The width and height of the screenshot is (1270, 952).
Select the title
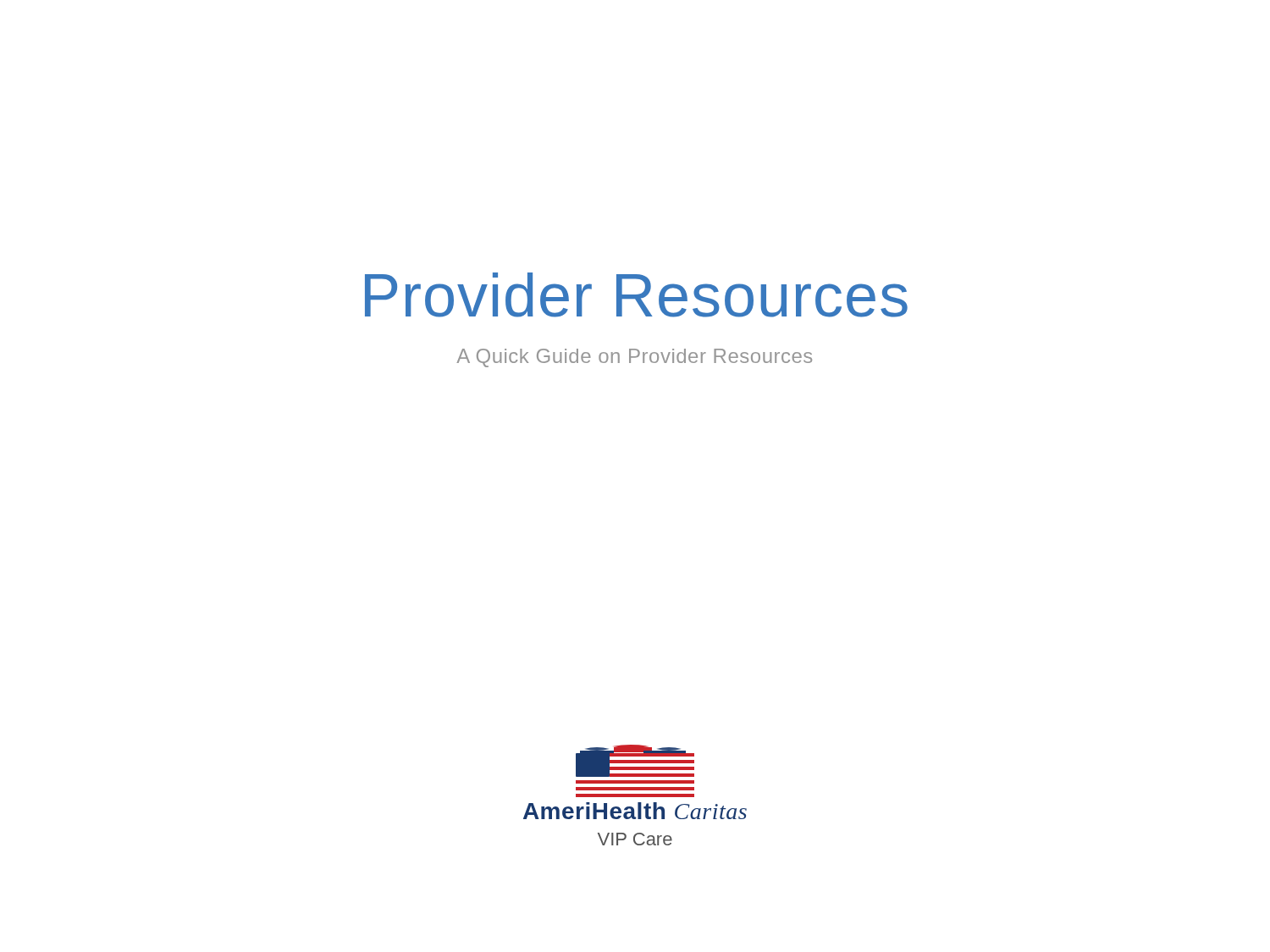(x=635, y=296)
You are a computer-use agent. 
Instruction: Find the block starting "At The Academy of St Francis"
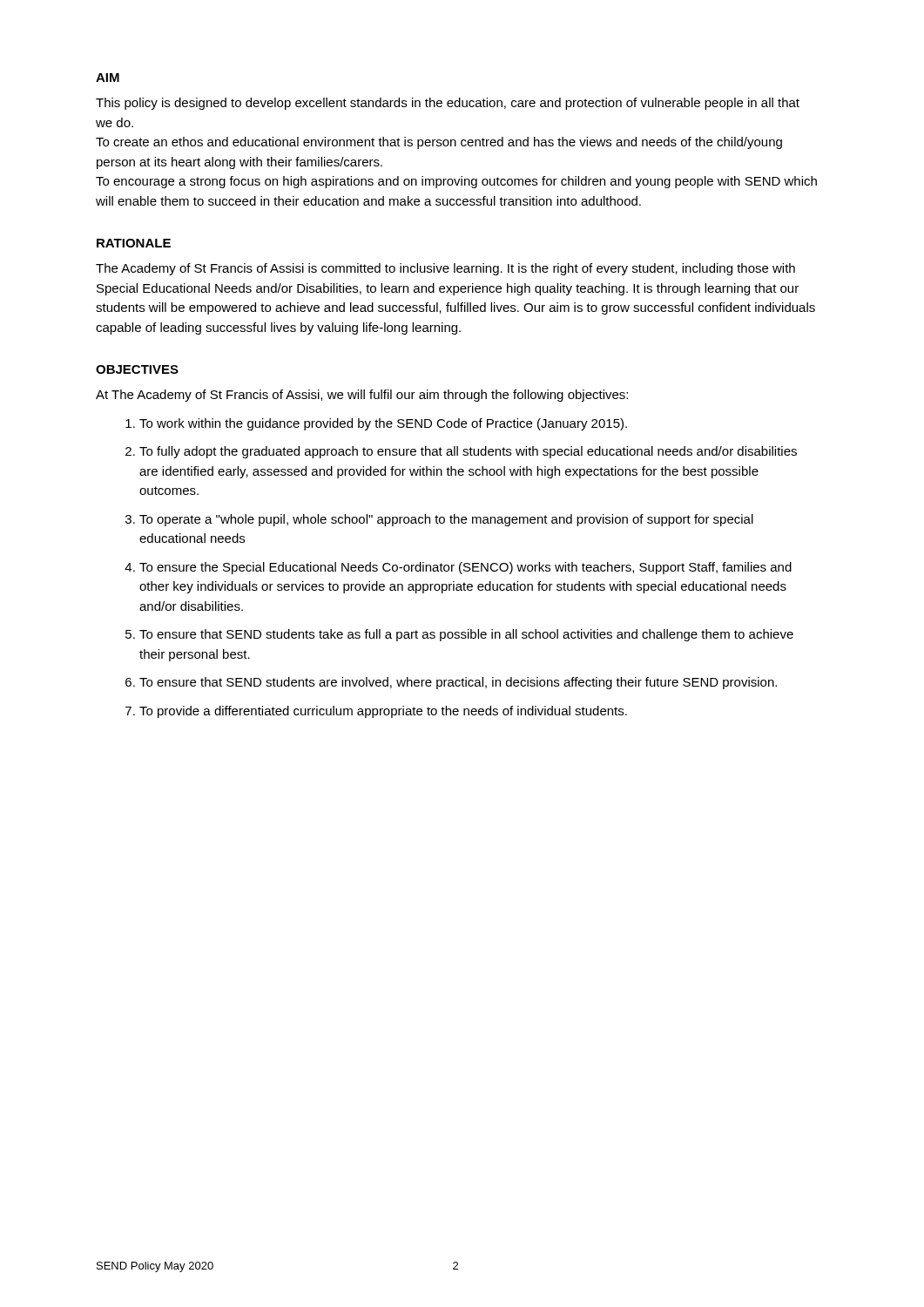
● ● ● ● ● ● ●
__Task goal__.
Omit the pictures and print the listing exactly.

__Answer section__.
The width and height of the screenshot is (1270, 952).
Select the title
(x=635, y=296)
You are a computer-use agent. 
Instruction: Find the block starting "At The Academy of St Francis"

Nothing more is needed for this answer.